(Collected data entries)
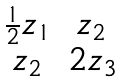<formula> <loc_0><loc_0><loc_500><loc_500>\begin{matrix} \frac { 1 } { 2 } z _ { 1 } & z _ { 2 } \\ z _ { 2 } & 2 z _ { 3 } \end{matrix}</formula> 
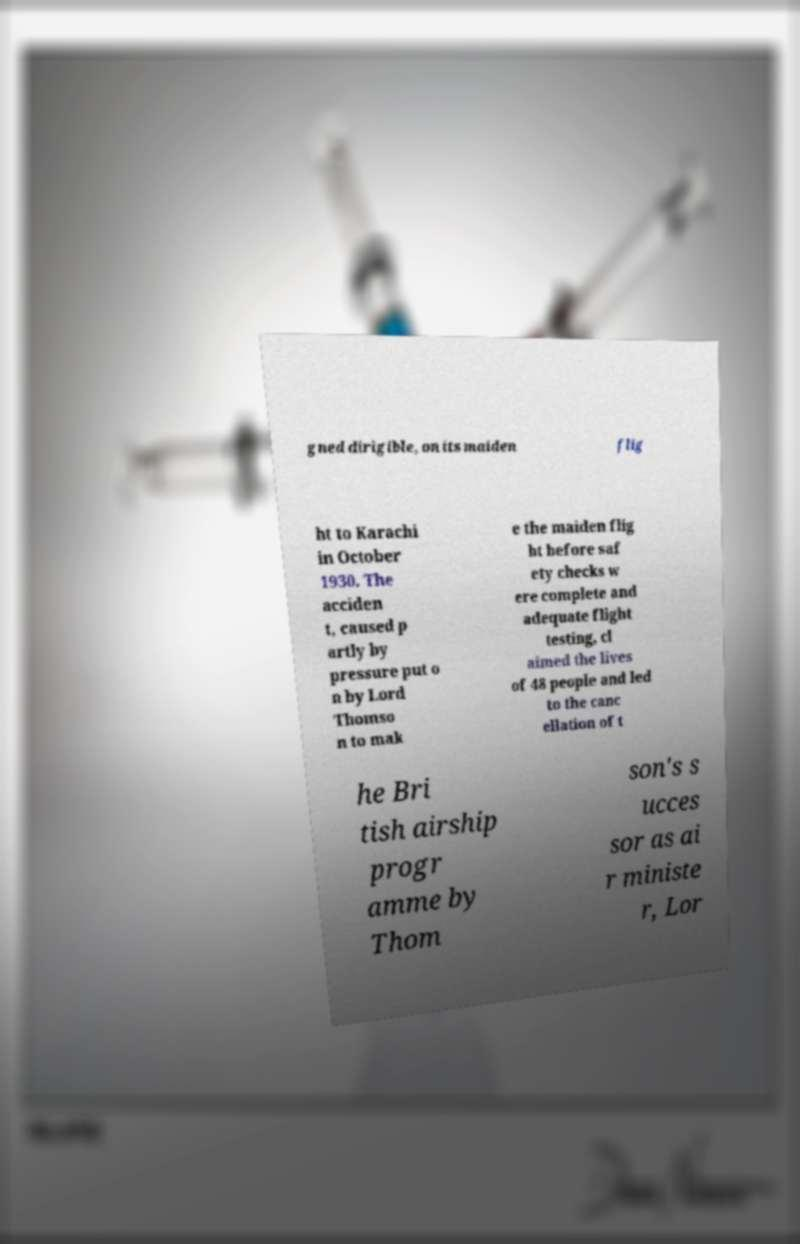Could you assist in decoding the text presented in this image and type it out clearly? gned dirigible, on its maiden flig ht to Karachi in October 1930. The acciden t, caused p artly by pressure put o n by Lord Thomso n to mak e the maiden flig ht before saf ety checks w ere complete and adequate flight testing, cl aimed the lives of 48 people and led to the canc ellation of t he Bri tish airship progr amme by Thom son's s ucces sor as ai r ministe r, Lor 
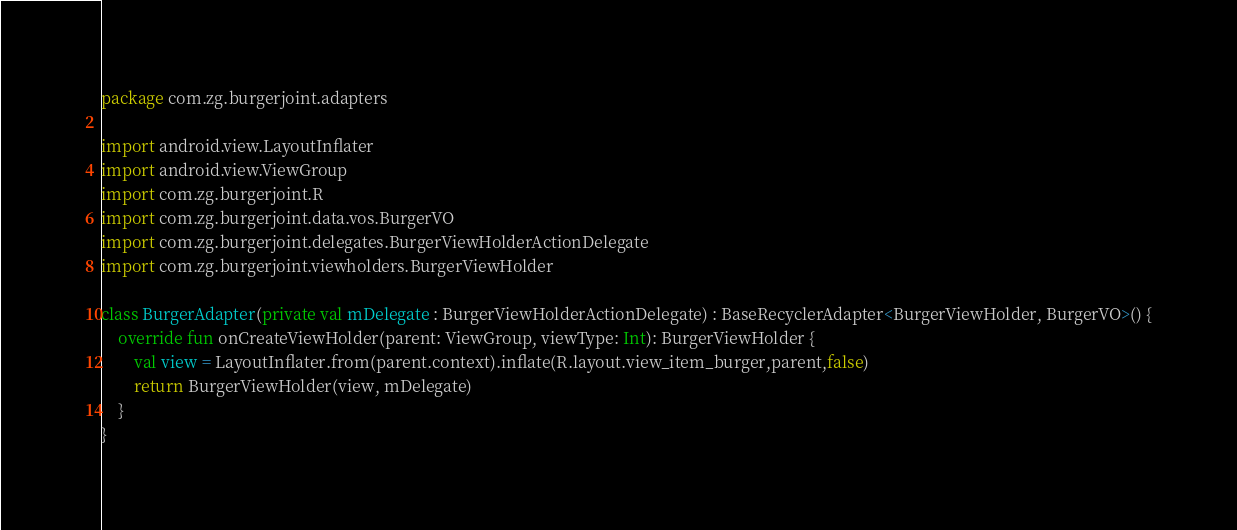<code> <loc_0><loc_0><loc_500><loc_500><_Kotlin_>package com.zg.burgerjoint.adapters

import android.view.LayoutInflater
import android.view.ViewGroup
import com.zg.burgerjoint.R
import com.zg.burgerjoint.data.vos.BurgerVO
import com.zg.burgerjoint.delegates.BurgerViewHolderActionDelegate
import com.zg.burgerjoint.viewholders.BurgerViewHolder

class BurgerAdapter(private val mDelegate : BurgerViewHolderActionDelegate) : BaseRecyclerAdapter<BurgerViewHolder, BurgerVO>() {
    override fun onCreateViewHolder(parent: ViewGroup, viewType: Int): BurgerViewHolder {
        val view = LayoutInflater.from(parent.context).inflate(R.layout.view_item_burger,parent,false)
        return BurgerViewHolder(view, mDelegate)
    }
}</code> 
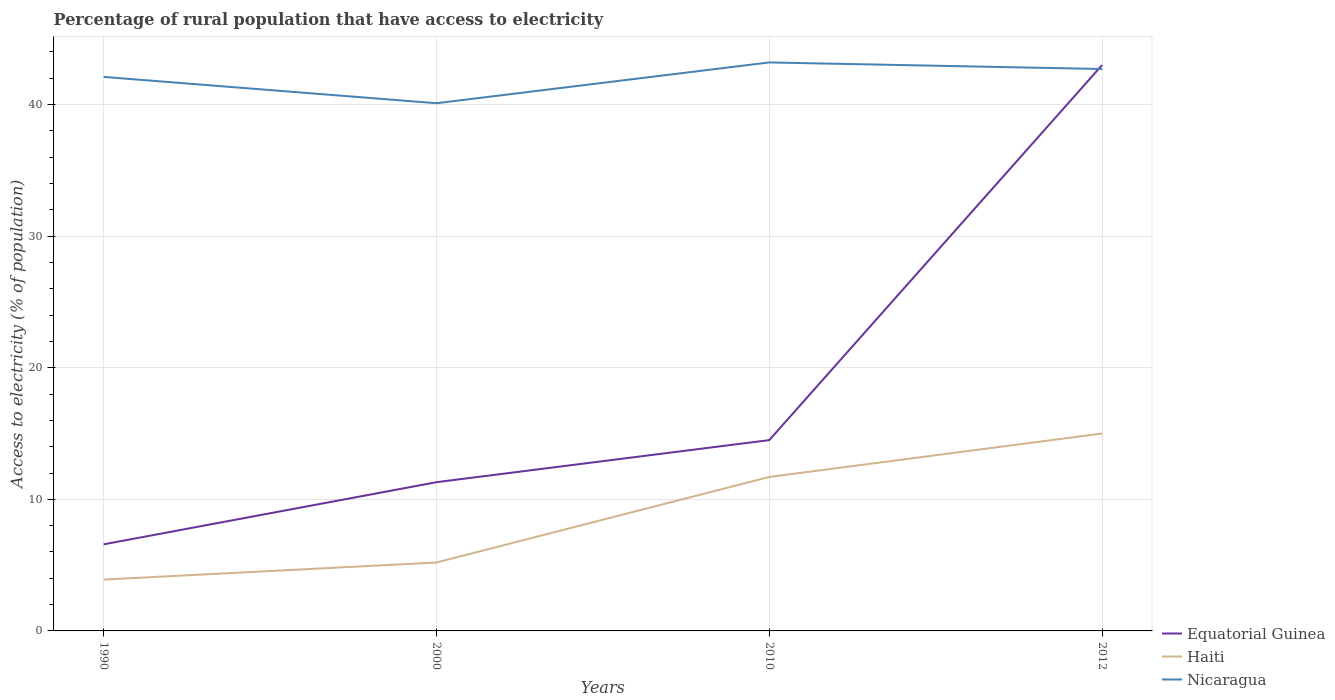Across all years, what is the maximum percentage of rural population that have access to electricity in Haiti?
Your response must be concise. 3.9. What is the total percentage of rural population that have access to electricity in Nicaragua in the graph?
Your answer should be very brief. -2.6. What is the difference between the highest and the second highest percentage of rural population that have access to electricity in Equatorial Guinea?
Your answer should be compact. 36.42. Does the graph contain grids?
Your answer should be very brief. Yes. Where does the legend appear in the graph?
Your response must be concise. Bottom right. How are the legend labels stacked?
Your answer should be very brief. Vertical. What is the title of the graph?
Ensure brevity in your answer.  Percentage of rural population that have access to electricity. What is the label or title of the X-axis?
Provide a short and direct response. Years. What is the label or title of the Y-axis?
Offer a very short reply. Access to electricity (% of population). What is the Access to electricity (% of population) of Equatorial Guinea in 1990?
Give a very brief answer. 6.58. What is the Access to electricity (% of population) of Nicaragua in 1990?
Your answer should be compact. 42.1. What is the Access to electricity (% of population) of Equatorial Guinea in 2000?
Provide a short and direct response. 11.3. What is the Access to electricity (% of population) in Nicaragua in 2000?
Ensure brevity in your answer.  40.1. What is the Access to electricity (% of population) of Nicaragua in 2010?
Provide a short and direct response. 43.2. What is the Access to electricity (% of population) in Haiti in 2012?
Provide a short and direct response. 15. What is the Access to electricity (% of population) of Nicaragua in 2012?
Keep it short and to the point. 42.7. Across all years, what is the maximum Access to electricity (% of population) in Equatorial Guinea?
Your answer should be very brief. 43. Across all years, what is the maximum Access to electricity (% of population) of Nicaragua?
Provide a succinct answer. 43.2. Across all years, what is the minimum Access to electricity (% of population) of Equatorial Guinea?
Your answer should be compact. 6.58. Across all years, what is the minimum Access to electricity (% of population) in Nicaragua?
Make the answer very short. 40.1. What is the total Access to electricity (% of population) of Equatorial Guinea in the graph?
Provide a short and direct response. 75.38. What is the total Access to electricity (% of population) of Haiti in the graph?
Provide a succinct answer. 35.8. What is the total Access to electricity (% of population) of Nicaragua in the graph?
Make the answer very short. 168.1. What is the difference between the Access to electricity (% of population) of Equatorial Guinea in 1990 and that in 2000?
Offer a terse response. -4.72. What is the difference between the Access to electricity (% of population) of Haiti in 1990 and that in 2000?
Your response must be concise. -1.3. What is the difference between the Access to electricity (% of population) of Nicaragua in 1990 and that in 2000?
Your answer should be compact. 2. What is the difference between the Access to electricity (% of population) in Equatorial Guinea in 1990 and that in 2010?
Keep it short and to the point. -7.92. What is the difference between the Access to electricity (% of population) in Nicaragua in 1990 and that in 2010?
Offer a very short reply. -1.1. What is the difference between the Access to electricity (% of population) of Equatorial Guinea in 1990 and that in 2012?
Provide a succinct answer. -36.42. What is the difference between the Access to electricity (% of population) of Nicaragua in 1990 and that in 2012?
Make the answer very short. -0.6. What is the difference between the Access to electricity (% of population) in Equatorial Guinea in 2000 and that in 2010?
Offer a very short reply. -3.2. What is the difference between the Access to electricity (% of population) in Nicaragua in 2000 and that in 2010?
Keep it short and to the point. -3.1. What is the difference between the Access to electricity (% of population) of Equatorial Guinea in 2000 and that in 2012?
Offer a terse response. -31.7. What is the difference between the Access to electricity (% of population) in Equatorial Guinea in 2010 and that in 2012?
Offer a very short reply. -28.5. What is the difference between the Access to electricity (% of population) of Haiti in 2010 and that in 2012?
Give a very brief answer. -3.3. What is the difference between the Access to electricity (% of population) in Nicaragua in 2010 and that in 2012?
Your answer should be very brief. 0.5. What is the difference between the Access to electricity (% of population) of Equatorial Guinea in 1990 and the Access to electricity (% of population) of Haiti in 2000?
Offer a terse response. 1.38. What is the difference between the Access to electricity (% of population) in Equatorial Guinea in 1990 and the Access to electricity (% of population) in Nicaragua in 2000?
Your response must be concise. -33.52. What is the difference between the Access to electricity (% of population) in Haiti in 1990 and the Access to electricity (% of population) in Nicaragua in 2000?
Ensure brevity in your answer.  -36.2. What is the difference between the Access to electricity (% of population) of Equatorial Guinea in 1990 and the Access to electricity (% of population) of Haiti in 2010?
Provide a short and direct response. -5.12. What is the difference between the Access to electricity (% of population) of Equatorial Guinea in 1990 and the Access to electricity (% of population) of Nicaragua in 2010?
Provide a short and direct response. -36.62. What is the difference between the Access to electricity (% of population) of Haiti in 1990 and the Access to electricity (% of population) of Nicaragua in 2010?
Keep it short and to the point. -39.3. What is the difference between the Access to electricity (% of population) of Equatorial Guinea in 1990 and the Access to electricity (% of population) of Haiti in 2012?
Keep it short and to the point. -8.42. What is the difference between the Access to electricity (% of population) in Equatorial Guinea in 1990 and the Access to electricity (% of population) in Nicaragua in 2012?
Keep it short and to the point. -36.12. What is the difference between the Access to electricity (% of population) in Haiti in 1990 and the Access to electricity (% of population) in Nicaragua in 2012?
Your answer should be very brief. -38.8. What is the difference between the Access to electricity (% of population) of Equatorial Guinea in 2000 and the Access to electricity (% of population) of Haiti in 2010?
Your answer should be very brief. -0.4. What is the difference between the Access to electricity (% of population) of Equatorial Guinea in 2000 and the Access to electricity (% of population) of Nicaragua in 2010?
Your answer should be compact. -31.9. What is the difference between the Access to electricity (% of population) in Haiti in 2000 and the Access to electricity (% of population) in Nicaragua in 2010?
Provide a short and direct response. -38. What is the difference between the Access to electricity (% of population) in Equatorial Guinea in 2000 and the Access to electricity (% of population) in Haiti in 2012?
Provide a succinct answer. -3.7. What is the difference between the Access to electricity (% of population) in Equatorial Guinea in 2000 and the Access to electricity (% of population) in Nicaragua in 2012?
Offer a very short reply. -31.4. What is the difference between the Access to electricity (% of population) of Haiti in 2000 and the Access to electricity (% of population) of Nicaragua in 2012?
Give a very brief answer. -37.5. What is the difference between the Access to electricity (% of population) of Equatorial Guinea in 2010 and the Access to electricity (% of population) of Haiti in 2012?
Make the answer very short. -0.5. What is the difference between the Access to electricity (% of population) of Equatorial Guinea in 2010 and the Access to electricity (% of population) of Nicaragua in 2012?
Your answer should be very brief. -28.2. What is the difference between the Access to electricity (% of population) of Haiti in 2010 and the Access to electricity (% of population) of Nicaragua in 2012?
Your response must be concise. -31. What is the average Access to electricity (% of population) of Equatorial Guinea per year?
Your answer should be very brief. 18.85. What is the average Access to electricity (% of population) in Haiti per year?
Offer a very short reply. 8.95. What is the average Access to electricity (% of population) in Nicaragua per year?
Your response must be concise. 42.02. In the year 1990, what is the difference between the Access to electricity (% of population) of Equatorial Guinea and Access to electricity (% of population) of Haiti?
Give a very brief answer. 2.68. In the year 1990, what is the difference between the Access to electricity (% of population) of Equatorial Guinea and Access to electricity (% of population) of Nicaragua?
Your answer should be compact. -35.52. In the year 1990, what is the difference between the Access to electricity (% of population) in Haiti and Access to electricity (% of population) in Nicaragua?
Offer a terse response. -38.2. In the year 2000, what is the difference between the Access to electricity (% of population) of Equatorial Guinea and Access to electricity (% of population) of Haiti?
Offer a very short reply. 6.1. In the year 2000, what is the difference between the Access to electricity (% of population) in Equatorial Guinea and Access to electricity (% of population) in Nicaragua?
Ensure brevity in your answer.  -28.8. In the year 2000, what is the difference between the Access to electricity (% of population) of Haiti and Access to electricity (% of population) of Nicaragua?
Your answer should be very brief. -34.9. In the year 2010, what is the difference between the Access to electricity (% of population) in Equatorial Guinea and Access to electricity (% of population) in Haiti?
Your answer should be very brief. 2.8. In the year 2010, what is the difference between the Access to electricity (% of population) of Equatorial Guinea and Access to electricity (% of population) of Nicaragua?
Your answer should be very brief. -28.7. In the year 2010, what is the difference between the Access to electricity (% of population) in Haiti and Access to electricity (% of population) in Nicaragua?
Offer a terse response. -31.5. In the year 2012, what is the difference between the Access to electricity (% of population) of Equatorial Guinea and Access to electricity (% of population) of Haiti?
Ensure brevity in your answer.  28. In the year 2012, what is the difference between the Access to electricity (% of population) in Haiti and Access to electricity (% of population) in Nicaragua?
Your answer should be compact. -27.7. What is the ratio of the Access to electricity (% of population) in Equatorial Guinea in 1990 to that in 2000?
Offer a very short reply. 0.58. What is the ratio of the Access to electricity (% of population) of Haiti in 1990 to that in 2000?
Provide a short and direct response. 0.75. What is the ratio of the Access to electricity (% of population) in Nicaragua in 1990 to that in 2000?
Your answer should be very brief. 1.05. What is the ratio of the Access to electricity (% of population) in Equatorial Guinea in 1990 to that in 2010?
Offer a very short reply. 0.45. What is the ratio of the Access to electricity (% of population) of Haiti in 1990 to that in 2010?
Provide a short and direct response. 0.33. What is the ratio of the Access to electricity (% of population) of Nicaragua in 1990 to that in 2010?
Offer a very short reply. 0.97. What is the ratio of the Access to electricity (% of population) in Equatorial Guinea in 1990 to that in 2012?
Keep it short and to the point. 0.15. What is the ratio of the Access to electricity (% of population) of Haiti in 1990 to that in 2012?
Make the answer very short. 0.26. What is the ratio of the Access to electricity (% of population) in Nicaragua in 1990 to that in 2012?
Your response must be concise. 0.99. What is the ratio of the Access to electricity (% of population) in Equatorial Guinea in 2000 to that in 2010?
Your response must be concise. 0.78. What is the ratio of the Access to electricity (% of population) of Haiti in 2000 to that in 2010?
Provide a succinct answer. 0.44. What is the ratio of the Access to electricity (% of population) of Nicaragua in 2000 to that in 2010?
Make the answer very short. 0.93. What is the ratio of the Access to electricity (% of population) in Equatorial Guinea in 2000 to that in 2012?
Provide a short and direct response. 0.26. What is the ratio of the Access to electricity (% of population) in Haiti in 2000 to that in 2012?
Provide a short and direct response. 0.35. What is the ratio of the Access to electricity (% of population) of Nicaragua in 2000 to that in 2012?
Provide a succinct answer. 0.94. What is the ratio of the Access to electricity (% of population) in Equatorial Guinea in 2010 to that in 2012?
Your answer should be very brief. 0.34. What is the ratio of the Access to electricity (% of population) in Haiti in 2010 to that in 2012?
Your answer should be compact. 0.78. What is the ratio of the Access to electricity (% of population) of Nicaragua in 2010 to that in 2012?
Keep it short and to the point. 1.01. What is the difference between the highest and the second highest Access to electricity (% of population) of Equatorial Guinea?
Offer a terse response. 28.5. What is the difference between the highest and the second highest Access to electricity (% of population) in Nicaragua?
Your response must be concise. 0.5. What is the difference between the highest and the lowest Access to electricity (% of population) in Equatorial Guinea?
Make the answer very short. 36.42. What is the difference between the highest and the lowest Access to electricity (% of population) in Haiti?
Provide a succinct answer. 11.1. What is the difference between the highest and the lowest Access to electricity (% of population) of Nicaragua?
Offer a very short reply. 3.1. 
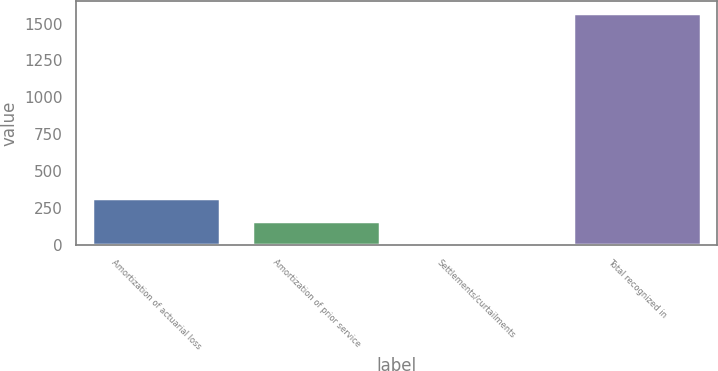Convert chart. <chart><loc_0><loc_0><loc_500><loc_500><bar_chart><fcel>Amortization of actuarial loss<fcel>Amortization of prior service<fcel>Settlements/curtailments<fcel>Total recognized in<nl><fcel>316.2<fcel>159.1<fcel>2<fcel>1573<nl></chart> 
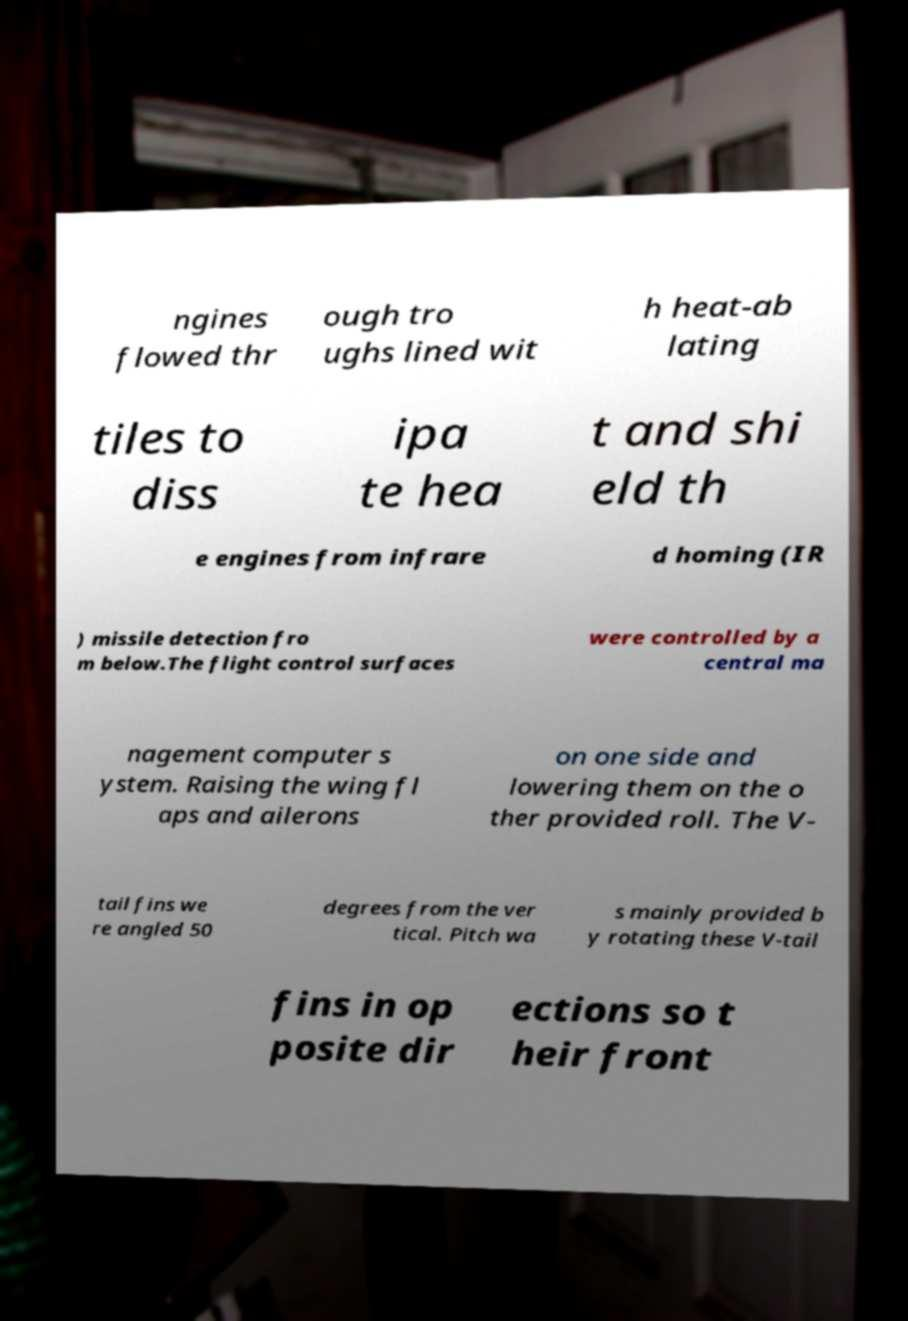There's text embedded in this image that I need extracted. Can you transcribe it verbatim? ngines flowed thr ough tro ughs lined wit h heat-ab lating tiles to diss ipa te hea t and shi eld th e engines from infrare d homing (IR ) missile detection fro m below.The flight control surfaces were controlled by a central ma nagement computer s ystem. Raising the wing fl aps and ailerons on one side and lowering them on the o ther provided roll. The V- tail fins we re angled 50 degrees from the ver tical. Pitch wa s mainly provided b y rotating these V-tail fins in op posite dir ections so t heir front 
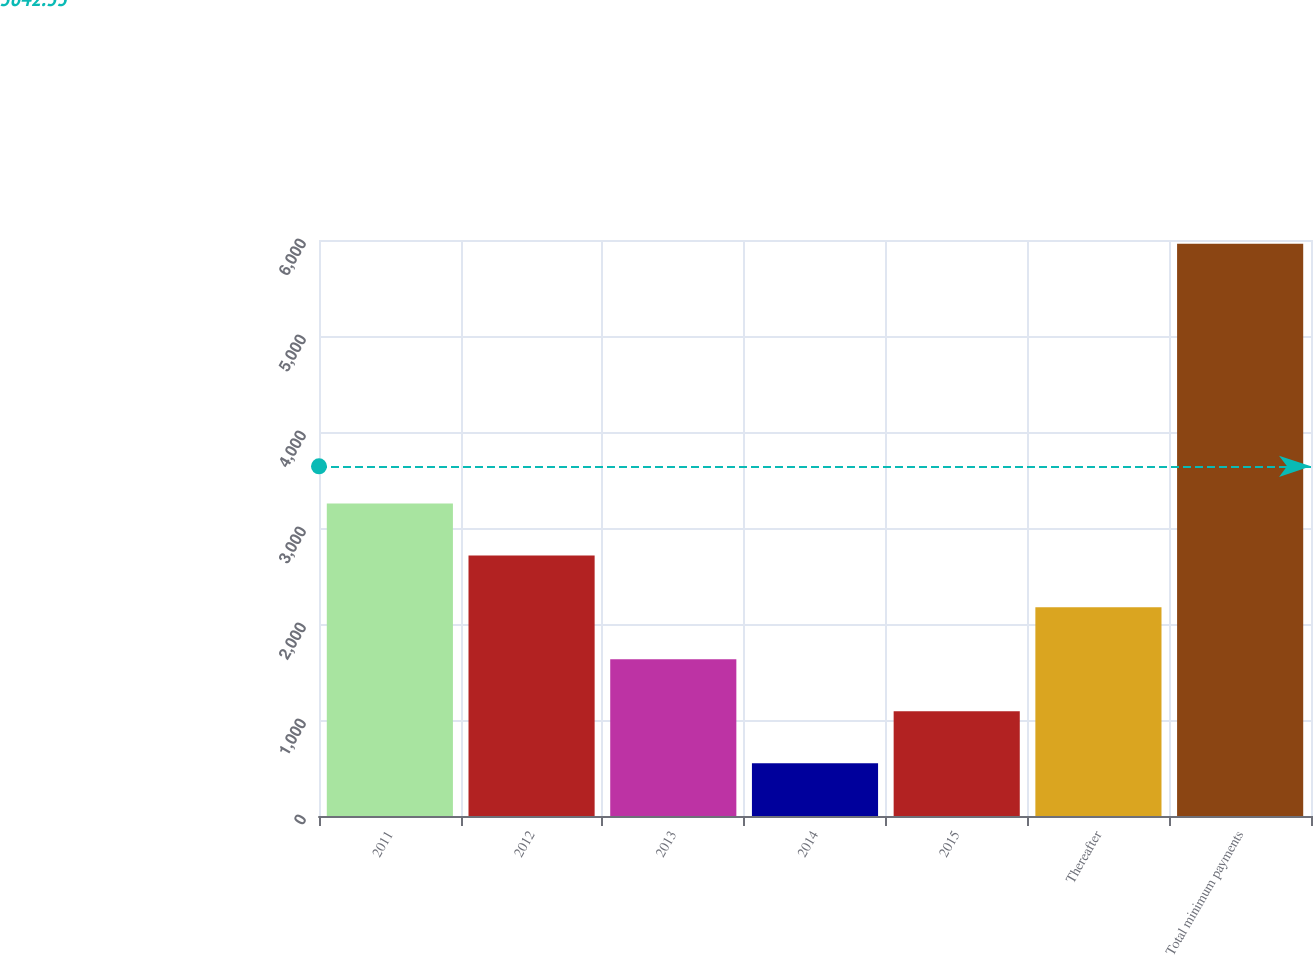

# Exercise directions:
Exact duplication is required for the lines above, from the line that contains "Your answer should be very brief. -0.4." to the line that contains "Make the answer very short. -0.5.", inclusive; omit all others.

# Response:
Your answer should be very brief. -0.4. What is the difference between the Access to electricity (% of population) of Equatorial Guinea in 2000 and the Access to electricity (% of population) of Nicaragua in 2010?
Your answer should be compact. -31.9. What is the difference between the Access to electricity (% of population) in Haiti in 2000 and the Access to electricity (% of population) in Nicaragua in 2010?
Provide a short and direct response. -38. What is the difference between the Access to electricity (% of population) in Equatorial Guinea in 2000 and the Access to electricity (% of population) in Haiti in 2012?
Provide a succinct answer. -3.7. What is the difference between the Access to electricity (% of population) in Equatorial Guinea in 2000 and the Access to electricity (% of population) in Nicaragua in 2012?
Offer a very short reply. -31.4. What is the difference between the Access to electricity (% of population) of Haiti in 2000 and the Access to electricity (% of population) of Nicaragua in 2012?
Give a very brief answer. -37.5. What is the difference between the Access to electricity (% of population) of Equatorial Guinea in 2010 and the Access to electricity (% of population) of Haiti in 2012?
Make the answer very short. -0.5. What is the difference between the Access to electricity (% of population) of Equatorial Guinea in 2010 and the Access to electricity (% of population) of Nicaragua in 2012?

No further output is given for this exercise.